Secure Montgomery Multiplication and Repeated Squares for Modular Exponentiation
Lalita Devadas Columbia University and Justin Bloom Oregon State University

The researchers worked on using some recent advances in garbling of arithmetic circuits for secure exponentiation mod N, a vital operation in many cryptosystems, including in the RSA public-key cryptosystem.

A garbled circuit is a cryptographic protocol which allows for secure two-party computation, in which two parties, Alice and Bob, each with a private input, want to compute some shared function of their inputs without either party learning the other’s input.

Their novel approach implemented the Montgomery multiplication method, which uses clever arithmetic to avoid costly division by the modulus being multiplied in. The best method they found had each wire in a circuit representing one digit of a number in base p. They developed a system of base p arithmetic which is asymptotically more efficient in the given garbled circuit architecture than any existing protocols. 

They measured performance for both approaches by counting the ciphertexts communicated for a single multiplication (a typical measure of efficiency for garbled circuit operations). They found that the base p Montgomery multiplication implementation vastly outperformed all other implementations for values of N with bit length greater than 500 (i.e., all N used for applications like RSA encryption).

“Unfortunately, our best implementations showed only incremental improvement over existing non-Montgomery-based implementations for values of N used in practice,” said Lalita Devadas. “We are still looking into further optimizations using Montgomery multiplication.”

Secure multiparty computation has many applications outside of computer science. For example, suppose five friends want to know their cumulative net worth without anyone learning anyone else’s individual net worth. This is actually a secure computation problem, since the friends want to perform some computation of their inputs while keeping said inputs private from other parties.

Oops! Predicting Unintentional Action in Video
Dave Epstein Columbia University, Boyuan Chen Columbia University, and Carl Vondrick Columbia University

The paper trains models to detect when human action is unintentional using self-supervised computer vision, an important step towards machines that can intelligently reason about the intentions behind complex human actions.

Despite enormous scientific progress over the last five to ten years, machines still struggle with tasks learned quickly and autonomously by young children, such as understanding human behavior or learning to speak a language. Epstein’s research tackles these types of problems by using self-supervised computer vision, a paradigm that predicts information naturally present in large amounts of input data such as images or videos. This stands in contrast with supervised learning, which relies on humans manually labelling data (e.g. “this is a picture of a dog”).

“I was surprised to learn that failure is an expected part of research and that it can take a long time to realize you’re failing,” said Dave Epstein. “Taking a failed idea, identifying the promising parts, and trying again leads to successful research.”

Seeding Network Influence in Biased Networks and the Benefits of Diversity
Ana-Andreea Stoica Columbia University, Jessy Xinyi Han Columbia University, and Augustin Chaintreau Columbia University

The paper explores the problem of social influence maximization and how information is diffused in a social network.

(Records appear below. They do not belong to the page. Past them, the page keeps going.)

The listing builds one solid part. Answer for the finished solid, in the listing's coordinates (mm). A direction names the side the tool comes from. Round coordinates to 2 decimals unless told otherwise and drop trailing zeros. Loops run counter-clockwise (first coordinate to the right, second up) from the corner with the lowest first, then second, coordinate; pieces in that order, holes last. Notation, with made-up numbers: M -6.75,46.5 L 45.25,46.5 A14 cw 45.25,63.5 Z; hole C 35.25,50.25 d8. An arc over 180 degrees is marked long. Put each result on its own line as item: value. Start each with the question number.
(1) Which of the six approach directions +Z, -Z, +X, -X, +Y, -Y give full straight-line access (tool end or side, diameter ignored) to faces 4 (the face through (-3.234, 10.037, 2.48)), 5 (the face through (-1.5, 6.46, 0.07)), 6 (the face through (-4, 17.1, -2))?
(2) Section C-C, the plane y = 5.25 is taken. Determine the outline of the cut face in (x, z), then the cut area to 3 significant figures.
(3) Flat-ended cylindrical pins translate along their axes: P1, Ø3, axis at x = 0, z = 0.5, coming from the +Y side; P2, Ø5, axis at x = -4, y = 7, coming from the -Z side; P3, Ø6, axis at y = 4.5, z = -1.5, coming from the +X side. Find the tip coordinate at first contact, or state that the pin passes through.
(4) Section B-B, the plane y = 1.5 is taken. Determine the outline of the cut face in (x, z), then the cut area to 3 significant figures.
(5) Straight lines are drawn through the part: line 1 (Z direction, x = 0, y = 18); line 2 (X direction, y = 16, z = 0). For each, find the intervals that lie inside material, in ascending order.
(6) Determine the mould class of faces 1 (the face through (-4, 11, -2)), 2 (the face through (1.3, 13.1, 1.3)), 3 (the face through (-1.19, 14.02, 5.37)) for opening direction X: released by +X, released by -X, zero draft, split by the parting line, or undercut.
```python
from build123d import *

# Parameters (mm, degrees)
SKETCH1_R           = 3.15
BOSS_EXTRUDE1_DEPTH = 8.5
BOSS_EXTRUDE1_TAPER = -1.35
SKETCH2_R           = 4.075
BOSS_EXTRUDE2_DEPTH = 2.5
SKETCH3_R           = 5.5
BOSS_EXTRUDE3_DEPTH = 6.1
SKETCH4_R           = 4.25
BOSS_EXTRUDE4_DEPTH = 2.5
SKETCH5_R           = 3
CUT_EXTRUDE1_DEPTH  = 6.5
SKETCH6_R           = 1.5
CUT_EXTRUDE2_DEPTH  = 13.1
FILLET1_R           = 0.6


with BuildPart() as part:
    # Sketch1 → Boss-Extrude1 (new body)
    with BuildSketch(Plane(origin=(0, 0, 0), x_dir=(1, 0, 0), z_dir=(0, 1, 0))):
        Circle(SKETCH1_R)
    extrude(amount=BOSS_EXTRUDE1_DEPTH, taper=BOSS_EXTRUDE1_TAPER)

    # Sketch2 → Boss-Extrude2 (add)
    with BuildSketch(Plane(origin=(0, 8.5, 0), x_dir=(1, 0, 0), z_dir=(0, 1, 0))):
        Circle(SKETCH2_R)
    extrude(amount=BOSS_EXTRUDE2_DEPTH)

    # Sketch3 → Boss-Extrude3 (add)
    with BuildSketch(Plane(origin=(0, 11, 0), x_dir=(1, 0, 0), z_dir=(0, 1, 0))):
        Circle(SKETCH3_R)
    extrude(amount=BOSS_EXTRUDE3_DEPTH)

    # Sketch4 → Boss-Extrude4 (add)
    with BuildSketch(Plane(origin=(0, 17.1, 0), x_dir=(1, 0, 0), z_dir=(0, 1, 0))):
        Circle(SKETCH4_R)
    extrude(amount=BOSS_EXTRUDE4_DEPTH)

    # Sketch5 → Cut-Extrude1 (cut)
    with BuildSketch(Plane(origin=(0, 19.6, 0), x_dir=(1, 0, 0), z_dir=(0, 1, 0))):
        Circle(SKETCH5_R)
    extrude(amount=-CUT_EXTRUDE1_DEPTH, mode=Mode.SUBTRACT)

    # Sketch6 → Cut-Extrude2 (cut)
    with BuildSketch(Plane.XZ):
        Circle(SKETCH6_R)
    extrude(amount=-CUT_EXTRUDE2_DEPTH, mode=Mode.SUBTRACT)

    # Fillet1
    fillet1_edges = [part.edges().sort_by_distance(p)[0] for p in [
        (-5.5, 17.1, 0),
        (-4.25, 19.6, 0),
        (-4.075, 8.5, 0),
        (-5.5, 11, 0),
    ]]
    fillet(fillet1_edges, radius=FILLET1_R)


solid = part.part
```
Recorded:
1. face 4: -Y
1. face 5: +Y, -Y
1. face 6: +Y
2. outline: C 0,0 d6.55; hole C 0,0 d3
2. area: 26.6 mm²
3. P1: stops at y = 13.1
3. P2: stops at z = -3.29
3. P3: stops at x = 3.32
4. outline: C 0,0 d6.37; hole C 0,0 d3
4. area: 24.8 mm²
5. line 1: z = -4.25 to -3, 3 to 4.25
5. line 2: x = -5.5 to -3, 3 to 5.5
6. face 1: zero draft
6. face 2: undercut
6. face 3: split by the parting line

For example, it might be about what kind of news people read on social media, how many people know about job opportunities or who hears about the latest loan options from a bank. So given a social network, classical algorithms are focused on picking the best k early-adopters based on how central they are in a network, say, based on their number of connections, to maximize outreach.

However, since social inequalities are reflected in the uneven networks, classical algorithms which ignore demographics often amplify such inequalities in information access.

“We were wondering if we can do better than an algorithm that ignores demographics,” said Jessy Xinyi Han. “‘Better’ here means more people in total and more people from the disadvantaged group can receive the information.”

Through a network model with unequal communities, they developed new heuristics to take demographics into account, showing that including sensitive features in the input of most natural seed selection algorithms substantially improves diversity but also often leaves efficiency untouched or even provides a small gain.

Such analytical condition turned out to be a closed-form condition on the number of early adopters. They also validated this result on the real CS co-authorship network from DBLP.